*ゴードン・ハスケットのアナリスト、ドン・ビルソン氏は自らを「イベント・ドリブン」アナリストと呼ぶ。

本誌:イベント・ドリブンとは?
ビルソン氏:株価が10%以上動くような事由を探している。M&A(合併・買収)、スピンオフなどの事業再構築、経営陣の交代、大株主の移動など。アクティビズムや環境問題が関係することも。

Q:情報源としてかなりのネットワークが必要?
A:あまりネットワークなどない。公開された情報を使っている。例えば、最高経営責任者(CEO)の年齢も重要。高齢のCEOは危険で、株価の動きを誘発する。特に承継計画を持たない62~64歳のCEOには細心の注意。

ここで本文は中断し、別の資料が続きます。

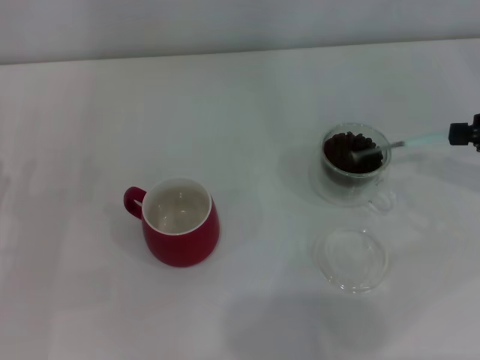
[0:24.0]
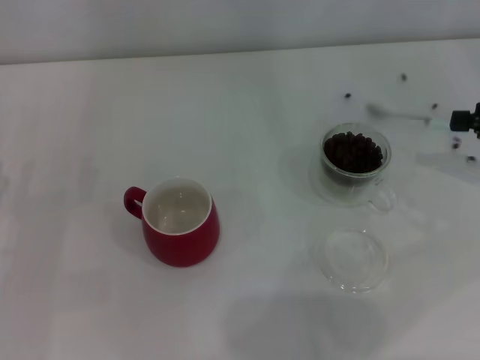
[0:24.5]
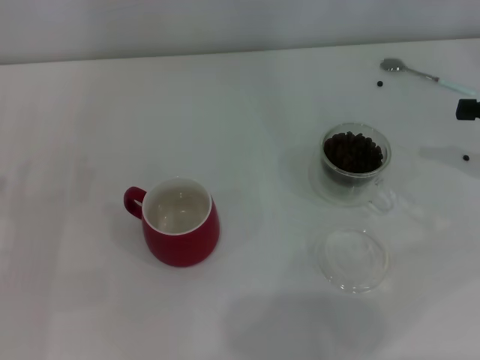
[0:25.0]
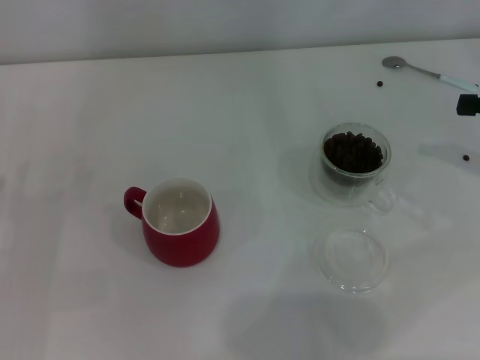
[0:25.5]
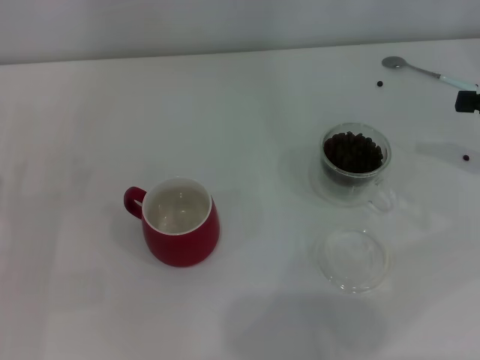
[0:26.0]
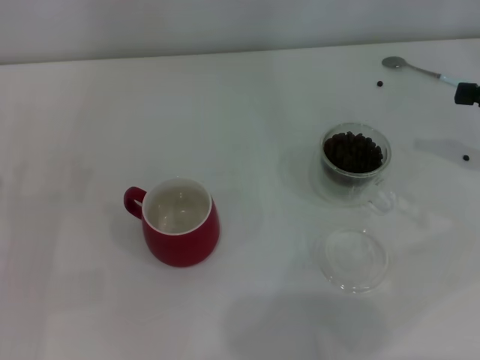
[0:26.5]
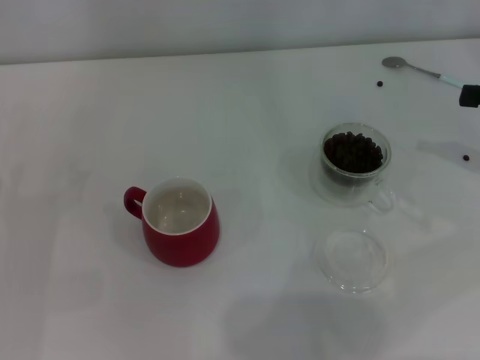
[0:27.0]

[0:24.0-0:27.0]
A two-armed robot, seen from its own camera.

Q:投資のリターンが高くなる傾向があるのは生え抜きのCEO?外部からのCEO?
A:経験則では、外部からCEOを招いた場合、数年間は売却の対象にならない。もちろん例外はある。

Q:機が熟していて、妙味のある投資アイデアがあるのはどこか?
A:テキサス州のパーミアン盆地では多くのM&Aの案件がある。昨年にはコンチョ・リソーシズ(CXO)が買収をまとめ、その後ダイアモンドバック・エナジー(FANG)がエネルゲンを買収。今はQEPリソーシズ(QEP)の資産売却話が。他にも出てくるだろう。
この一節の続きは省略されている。